1450 ranged from -10 C through -21.147 C, and 353 ranged from 10 C through 19.47 C, in data from 568 stations in 34 “countries” (GHCN lists, for example, Antarctica as a country), none of the stations being within 28 degrees latitude of the equator.

Over half, 938 instances, occurred among 358 USA stations including 16 stations in Alaska. About half of the remainder, 438 instances, occurred in 50 stations in what GHCN calls the Russian Federation Asian sector. Only six Southern Hemisphere stations made the cut with a total of 12 instances. (Of the 7280 GHCN stations, 1079 are in the Southern Hemisphere.)

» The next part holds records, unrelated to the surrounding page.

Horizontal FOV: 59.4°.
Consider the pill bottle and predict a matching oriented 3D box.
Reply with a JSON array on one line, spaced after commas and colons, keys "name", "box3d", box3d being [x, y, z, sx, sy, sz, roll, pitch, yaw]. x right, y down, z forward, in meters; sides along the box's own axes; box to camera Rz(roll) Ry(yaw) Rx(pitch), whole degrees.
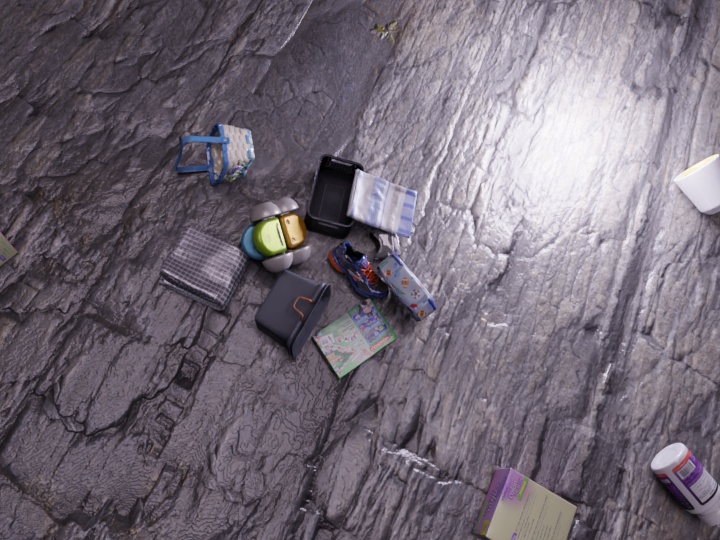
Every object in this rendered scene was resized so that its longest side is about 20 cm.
[{"name": "pill bottle", "box3d": [0.897, 0.582, 1.711, 0.111, 0.112, 0.201, -37, 83, -20]}]

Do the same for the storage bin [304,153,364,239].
[{"name": "storage bin", "box3d": [-0.075, -0.208, 1.781, 0.132, 0.094, 0.204, 14, 69, -7]}]

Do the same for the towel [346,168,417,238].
[{"name": "towel", "box3d": [0.062, -0.186, 1.753, 0.196, 0.024, 0.150, 19, 69, -16]}]

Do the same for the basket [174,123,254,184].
[{"name": "basket", "box3d": [-0.394, -0.314, 1.705, 0.196, 0.176, 0.142, -3, 75, -24]}]

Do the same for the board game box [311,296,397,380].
[{"name": "board game box", "box3d": [-0.016, 0.181, 1.697, 0.198, 0.029, 0.136, -32, 82, -20]}]

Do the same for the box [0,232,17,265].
[{"name": "box", "box3d": [-0.951, -0.042, 1.495, 0.097, 0.176, 0.200, 42, 69, 4]}]

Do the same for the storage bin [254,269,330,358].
[{"name": "storage bin", "box3d": [-0.181, 0.100, 1.639, 0.132, 0.146, 0.202, 26, 68, 9]}]

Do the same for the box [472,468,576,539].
[{"name": "box", "box3d": [0.412, 0.631, 1.592, 0.198, 0.097, 0.178, 30, 68, -2]}]

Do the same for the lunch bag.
[{"name": "lunch bag", "box3d": [0.121, 0.042, 1.705, 0.075, 0.160, 0.201, -37, 88, 0]}]

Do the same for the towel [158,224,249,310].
[{"name": "towel", "box3d": [-0.409, -0.010, 1.648, 0.197, 0.086, 0.168, 25, 68, -3]}]

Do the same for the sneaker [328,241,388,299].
[{"name": "sneaker", "box3d": [0.000, 0.000, 1.724, 0.199, 0.079, 0.075, 40, 47, 3]}]

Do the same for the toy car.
[{"name": "toy car", "box3d": [-0.235, -0.088, 1.670, 0.199, 0.148, 0.179, -27, 102, -58]}]

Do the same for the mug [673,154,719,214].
[{"name": "mug", "box3d": [1.135, -0.277, 2.037, 0.185, 0.149, 0.155, -32, 88, -13]}]

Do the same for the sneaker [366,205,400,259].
[{"name": "sneaker", "box3d": [0.054, -0.126, 1.789, 0.080, 0.075, 0.204, -9, 74, -16]}]

The monthly distribution of the 1,803 instances is: Jan 615 Feb 604 Mar 117 Apr 20 May 3 Jun 6 Jul 8 Aug 2 Sep 2 Oct 2 Nov 117 Dec 307.

Various distributions will be skewed by the relatively large number of weather stations in the “lower 48” states of the USA that are included in GHCN.

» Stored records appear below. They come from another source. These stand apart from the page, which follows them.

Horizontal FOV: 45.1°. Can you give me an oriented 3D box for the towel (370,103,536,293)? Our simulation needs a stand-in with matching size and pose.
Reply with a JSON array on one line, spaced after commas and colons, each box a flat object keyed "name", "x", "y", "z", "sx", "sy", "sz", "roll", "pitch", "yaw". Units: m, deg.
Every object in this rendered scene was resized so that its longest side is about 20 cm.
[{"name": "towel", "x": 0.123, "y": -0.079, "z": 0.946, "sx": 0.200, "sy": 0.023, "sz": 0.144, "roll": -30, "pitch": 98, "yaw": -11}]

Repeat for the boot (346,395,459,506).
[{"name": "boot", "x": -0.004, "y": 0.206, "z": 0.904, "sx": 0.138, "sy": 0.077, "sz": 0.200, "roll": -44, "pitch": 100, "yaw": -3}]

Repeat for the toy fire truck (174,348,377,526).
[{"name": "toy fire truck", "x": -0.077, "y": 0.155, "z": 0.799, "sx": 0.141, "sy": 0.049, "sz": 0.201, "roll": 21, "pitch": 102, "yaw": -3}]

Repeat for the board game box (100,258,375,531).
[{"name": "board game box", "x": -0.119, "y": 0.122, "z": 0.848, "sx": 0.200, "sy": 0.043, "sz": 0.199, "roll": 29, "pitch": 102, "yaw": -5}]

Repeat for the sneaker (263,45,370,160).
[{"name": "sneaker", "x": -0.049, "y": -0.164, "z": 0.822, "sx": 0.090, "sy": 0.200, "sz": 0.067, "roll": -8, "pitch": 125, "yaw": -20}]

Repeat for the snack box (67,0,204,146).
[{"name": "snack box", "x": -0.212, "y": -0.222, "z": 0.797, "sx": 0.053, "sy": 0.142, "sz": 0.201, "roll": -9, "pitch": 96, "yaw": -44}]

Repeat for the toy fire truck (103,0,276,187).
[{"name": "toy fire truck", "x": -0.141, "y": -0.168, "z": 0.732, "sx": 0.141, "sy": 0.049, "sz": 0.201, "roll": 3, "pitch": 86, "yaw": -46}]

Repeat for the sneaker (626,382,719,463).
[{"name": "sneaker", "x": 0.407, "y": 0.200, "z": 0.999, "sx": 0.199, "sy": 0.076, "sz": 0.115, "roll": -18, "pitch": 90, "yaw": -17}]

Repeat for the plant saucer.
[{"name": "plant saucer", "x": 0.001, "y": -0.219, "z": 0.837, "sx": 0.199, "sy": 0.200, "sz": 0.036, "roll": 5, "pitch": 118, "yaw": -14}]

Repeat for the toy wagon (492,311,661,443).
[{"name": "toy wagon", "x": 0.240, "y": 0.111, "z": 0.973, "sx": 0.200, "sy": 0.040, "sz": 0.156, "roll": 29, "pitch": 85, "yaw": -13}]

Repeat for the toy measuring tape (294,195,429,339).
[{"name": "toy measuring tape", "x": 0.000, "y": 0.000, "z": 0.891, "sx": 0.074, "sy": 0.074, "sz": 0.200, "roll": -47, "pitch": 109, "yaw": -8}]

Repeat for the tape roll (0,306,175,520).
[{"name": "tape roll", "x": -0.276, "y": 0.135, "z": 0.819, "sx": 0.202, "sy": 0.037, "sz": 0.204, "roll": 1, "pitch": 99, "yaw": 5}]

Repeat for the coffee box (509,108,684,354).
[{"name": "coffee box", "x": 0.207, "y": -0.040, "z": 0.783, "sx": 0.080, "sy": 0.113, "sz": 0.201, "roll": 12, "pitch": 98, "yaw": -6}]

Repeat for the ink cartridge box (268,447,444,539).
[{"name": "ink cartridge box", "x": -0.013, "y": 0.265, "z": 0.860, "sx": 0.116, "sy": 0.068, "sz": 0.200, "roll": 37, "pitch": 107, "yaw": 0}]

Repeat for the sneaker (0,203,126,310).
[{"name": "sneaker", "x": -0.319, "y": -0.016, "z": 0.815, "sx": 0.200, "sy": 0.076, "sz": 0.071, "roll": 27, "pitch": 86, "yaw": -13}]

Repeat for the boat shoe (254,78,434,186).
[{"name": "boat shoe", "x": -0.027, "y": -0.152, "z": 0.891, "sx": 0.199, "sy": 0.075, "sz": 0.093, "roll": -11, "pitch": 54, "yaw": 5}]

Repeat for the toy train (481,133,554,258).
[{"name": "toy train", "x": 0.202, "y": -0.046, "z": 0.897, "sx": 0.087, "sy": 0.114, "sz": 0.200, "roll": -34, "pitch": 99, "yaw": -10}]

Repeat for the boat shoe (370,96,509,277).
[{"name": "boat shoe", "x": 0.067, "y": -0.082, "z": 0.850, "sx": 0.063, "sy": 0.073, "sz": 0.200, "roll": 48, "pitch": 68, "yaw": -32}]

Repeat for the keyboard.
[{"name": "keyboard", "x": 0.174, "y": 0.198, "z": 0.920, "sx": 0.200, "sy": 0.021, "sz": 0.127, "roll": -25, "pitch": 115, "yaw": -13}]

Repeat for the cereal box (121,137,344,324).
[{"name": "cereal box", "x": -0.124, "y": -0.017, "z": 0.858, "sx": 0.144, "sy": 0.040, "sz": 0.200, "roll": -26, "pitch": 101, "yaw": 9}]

For additional details, including caveats, see readme.txt, and other files at: http://www.john-daly.com/bigdif/
JerryB

Posted Aug 18, 2005 at 8:48 AM | Permalink

As an indication of conflicting information in historical temperature data, a tabulation of 1,922 conflicting monthly means, which differ by 4 C or more, has been added to the bigdif location mentioned above.

Here are the top 10:

Station Year Mo Meana Meanb Difference

42570231000 1950 2 -27.8 -7.8 20.0
42570231000 1979 2 -28.9 -10.9 18.0
42570261000 1956 12 -33.5 -16.6 16.9
22229263000 1939 12 -28.1 -12.1 16.0
70089664000 1982 5 -24.9 -9.4 15.5
20840706000 1972 1 -7.5 7.7 15.2
22229263000 1938 12 -28.5 -13.4 15.1
22224944000 1909 1 -41.4 -27.0 14.4
20553068000 1985 12 -21.9 -8.0 13.9
22229263000 1935 2 -27.4 -13.6 13.8

P.S. While doing this tabulation, I fixed a bug in the bigdif program which then found 1,809 monthly anomalies of 10 C or more.
Steve Sadlov

Posted Feb 16, 2006 at 9:17 PM | Permalink

Is anywhere in places such as Western Europe, the Eastern US, Japan, South Korea or within 100 miles of any of the 3rd world megacities not affected by UHI? As I see it, you’d pretty much have to be out in the middle of Nevada, in the middle of the Gobi or up in the NWT, and at least a few miles away from any small towns, in order to escape it. You’d also have to be away from the houses / outbuildings of any major dairy farms, ranches or other major rural businesses. In a place as dense as Europe, which so dramatically increased the use of central heating, electricity and other heat disipating things, since 100 years ago, there must be few places not impacted by it. So,how can one correct for it – against what basis would one correct, an also rising “rural” baseline?”. Consider also the impact of the vast expansion of pavement, in all but the most sparsely populated places. To be quite frank, I think the term UHI should be dumped, in favor of HILHD (Human Induced Local Heat Dissipation).